10) Security & Privacy

  • Secrets: No secrets are stored or required. Self-update uses unauthenticated GitHub API calls.
  • Supply chain: Self-update is fixed to first-party GitHub Releases. Eligible releases must be immutable and publish updates-release.json, SHA256SUMS, and required assets with GitHub asset digest values. Unix verifies the script before re-exec; Windows verifies receipt, manifest, payload structure, and staging before relaunch.
  • PII: No user data is collected or transmitted.
  • Abuse cases:
    • Malicious or tampered GitHub release asset: mitigated by immutable releases, GitHub asset digests, SHA256SUMS, manifest validation, and HTTPS.
    • pip parallel upgrades: stderr interleaving is cosmetic, not a security issue.
    • --pip-force is explicitly opt-in and documented as unsafe.
  • Privilege escalation: sudo is only used for Linux system package upgrades. Native Windows self-update never elevates; unknown or non-writable layouts warn and skip.

11) Reliability & Failure Modes

11.1 Failure modes table

Failure Detection User impact System behavior Recovery Blast radius
Module dep missing (auto) command -v / command probe Module skipped Return 2, continue None needed Single module
Module dep missing (--only) command -v / command probe Error message Return 1, module fails Install the dep Single module
Module command fails Non-zero exit Module marked FAIL Continue (or stop if --strict) Re-run or fix manually Single module
Self-update download fails HTTP/tool non-zero Warning printed Continues without update Re-run later None
Self-update digest/checksum mismatch Digest or SHA256 compare Warning printed Continues without update Report issue None
Windows install receipt missing/invalid Receipt validation Warning printed Continues without update Reinstall from official zip None
Self-update manifest/payload invalid Manifest/schema/structure check Warning printed Continues without update Report issue / reinstall None
Network unreachable Tool-specific timeout Module fails Continue Fix network, re-run Affected modules
Config file parse error Line parser rejects a value Warning printed Continues with defaults Fix ~/.updatesrc All config values
Disk full Write fails Module fails Continue Free space Affected module
SIGINT / Ctrl+C / Ctrl+Break received Trap / console handler Interrupted message Exit 130 Re-run Current module may be partial

11.2 Retries/timeouts

  • Self-update: no automatic retries. Metadata checks are throttled with a 24-hour cache; explicit --self-update bypasses the cache.
  • Module commands: no retries. Modules run the underlying tool once; if it fails, the module fails.
  • No circuit breakers (modules are independent and run sequentially).

12) Observability

  • Logging: --log-level controls verbosity (error/warn/info/debug). --log-file persists output.
  • What not to log: No PII, no environment variable values, no file contents.
  • Metrics: JSONL events include per-module timing (seconds field) and overall total_seconds.
  • Alerts: Not applicable (CLI tool, not a service). Users can parse JSONL summary events for CI alerting.
  • Debugging:
    • --log-level debug prints every command before execution.
    • --json provides structured events for programmatic analysis.
    • Self-update logs detailed skip reasons at debug level.

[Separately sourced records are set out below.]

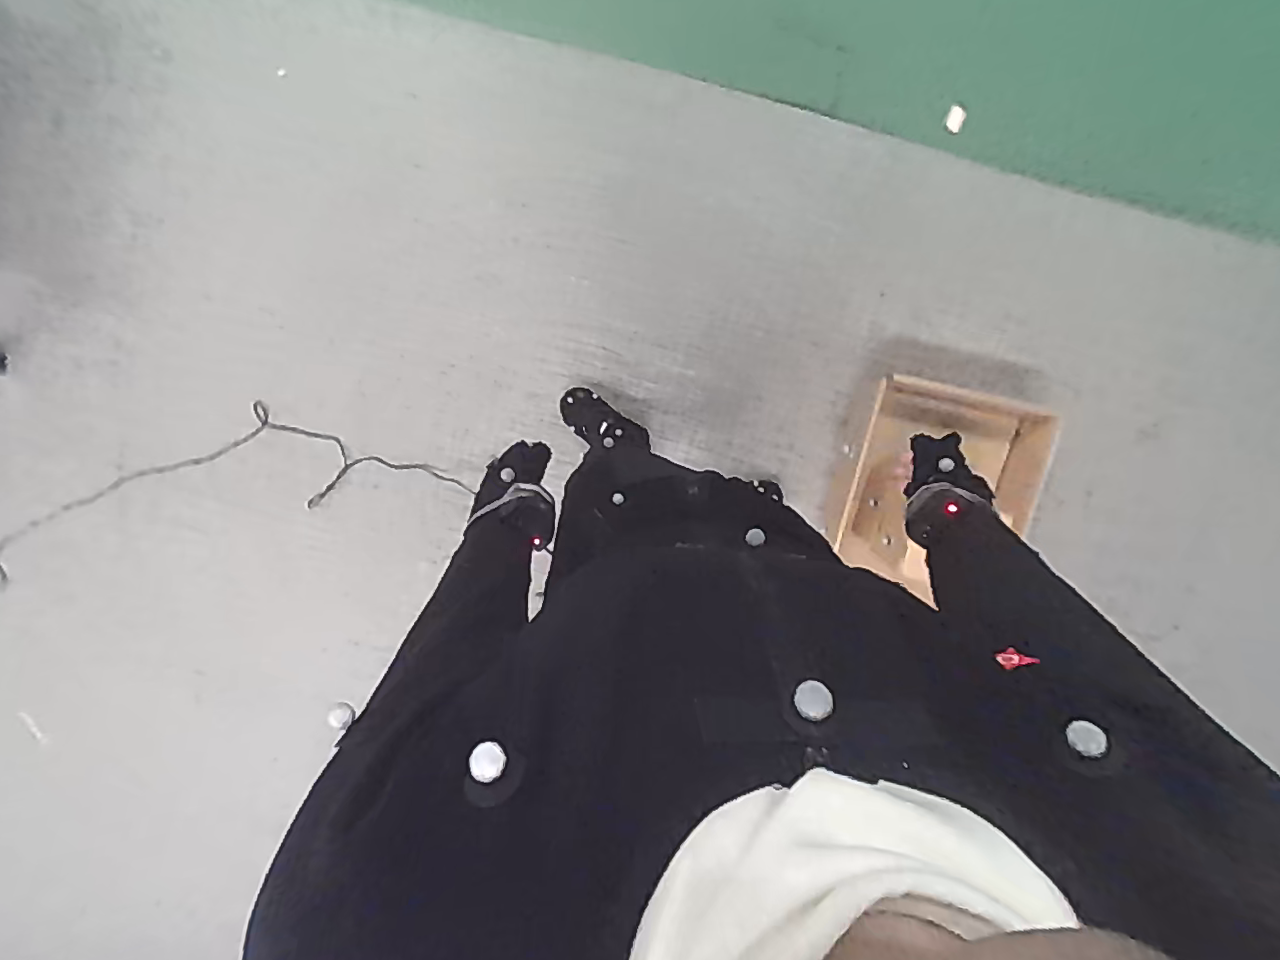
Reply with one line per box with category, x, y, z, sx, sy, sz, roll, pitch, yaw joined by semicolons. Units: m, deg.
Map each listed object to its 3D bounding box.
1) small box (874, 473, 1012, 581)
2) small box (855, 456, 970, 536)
small box;0.604;0.087;1.104;0.179;0.176;0.168;10;101;3
small box;0.629;0.053;1.277;0.168;0.176;0.179;15;99;0
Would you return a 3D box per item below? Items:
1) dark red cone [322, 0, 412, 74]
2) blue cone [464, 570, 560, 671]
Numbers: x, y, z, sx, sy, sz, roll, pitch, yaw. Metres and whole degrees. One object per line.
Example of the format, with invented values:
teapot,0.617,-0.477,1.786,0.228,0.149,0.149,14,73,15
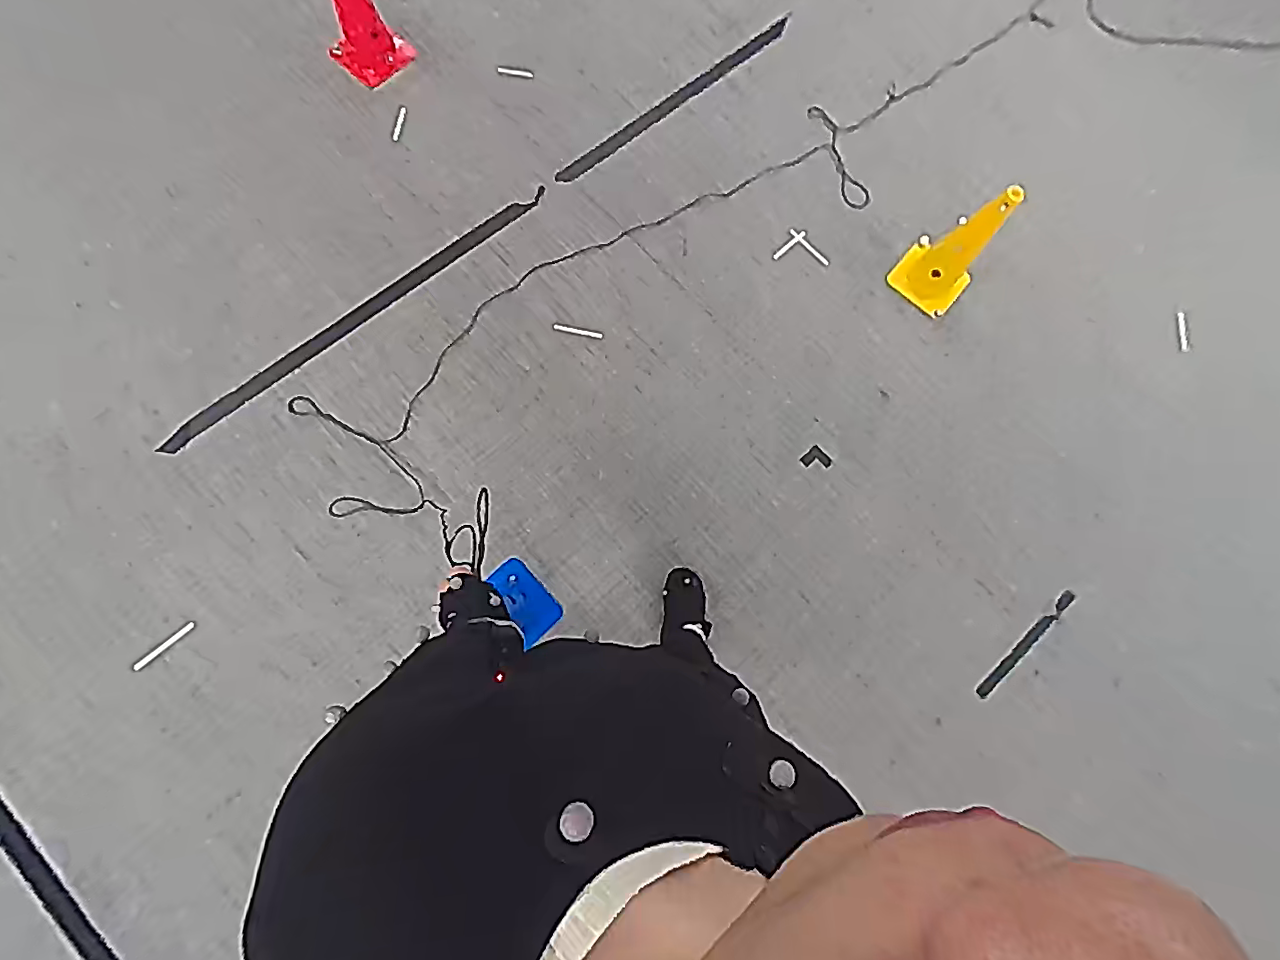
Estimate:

13) Rollout, Migration, Compatibility

13.1 v0.9.0 deprecation release

Ship all v1.0 features (config file, --json, new modules, --brew-mode, --log-level, --pip-force, -n) with:

  • Old flags still accepted.
  • Each use of a deprecated flag prints WARN: --<old-flag> is deprecated; use <new-flag> instead.
  • No behavior change — deprecated flags map to their replacements internally.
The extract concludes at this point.